Impressiona, in una certo senso, l’attualità di questa circostanza storica e industriale. E offrirebbe anche qualche spunto d’ottimismo se si ricordasse che proprio nella sua fase più declinante e in un certo senso drammatica in termini di riproducibilità – fra telefilm, serie e film pilota – il cinema americano riesce a plasmare una nuova generazione di autori dal tratto, sì, comune della formazione televisiva, ma capaci, proprio nell’acquisito rigore e finalizzazione del proprio lavoro, di riaccendere un settore spento scrivendo così la storia della New Hollywood. Anche con opere come Duel, bassissimo costo e risultato esplosivo, prodotto-tipo di una entusiasmante renaissance creativa e di un nuovo orizzonte espressivo.

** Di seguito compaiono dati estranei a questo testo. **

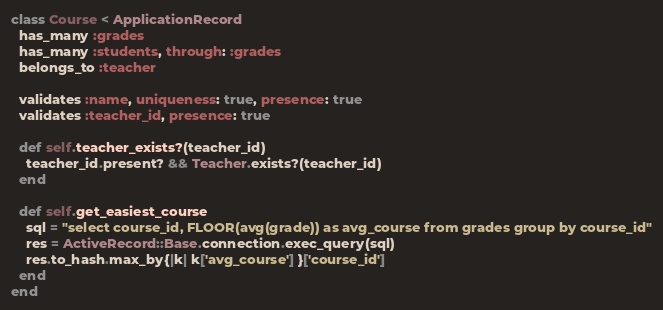Convert code to text. <code><loc_0><loc_0><loc_500><loc_500><_Ruby_>class Course < ApplicationRecord
  has_many :grades
  has_many :students, through: :grades
  belongs_to :teacher
  
  validates :name, uniqueness: true, presence: true
  validates :teacher_id, presence: true

  def self.teacher_exists?(teacher_id)
    teacher_id.present? && Teacher.exists?(teacher_id)
  end

  def self.get_easiest_course
    sql = "select course_id, FLOOR(avg(grade)) as avg_course from grades group by course_id"
    res = ActiveRecord::Base.connection.exec_query(sql)
    res.to_hash.max_by{|k| k['avg_course'] }['course_id']
  end
end
</code>

La risposta ad un pubblico che vuole tornare nelle sale

Poi mettiamoci dentro, infilandoci nel sociale, l’indotto ideologico dell’America del Vietnam e il gioco è fatto nello spazio dell’area “indipendente” e dei suoi giovani autori aderenti ai temi della conflittualità, del presente storico e del realismo: con piena consapevolezza, tuttavia, dei principii inderogabili che regolano le leggi del circuito commerciale. È la giusta risposta alla domanda di un pubblico che chiede di essere recuperato alla sala, specie quello metropolitano che nell’America degli anni Sessanta ha cercato nel cinema delle risposte mai trovate a proposito di vecchi divi portatori di “buoni sentimenti” oramai sorpassati; di ruoli militari e polizieschi da sottoporre a revisione critica; di presa d’atto del processo irreversibile verso l’era postindustriale; dell’accettazione di un diverso sistema di vita e di valori e via così. Temi meno inseguiti nella grande provincia d’America, dove tuttavia (e basterebbe citare il nostro Duel oltre Easy Rider, Punto Zero di Richard C. Sarafian, 1971, il futuro Convoy di Sam Pekhinpah, 1978 e altri film) si prende atto che il nuovo road movie decreta la morte dell’antico territorio in chiave western e si prende il diritto di occuparlo con differenti oggetti (meccanici) e soggetti (realisticamente umani). Fermo restando che i sentieri polverosi percorsi da carri, diligenze e cavalli nel mito americano resteranno per sempre il nucleo che tutto ha generato.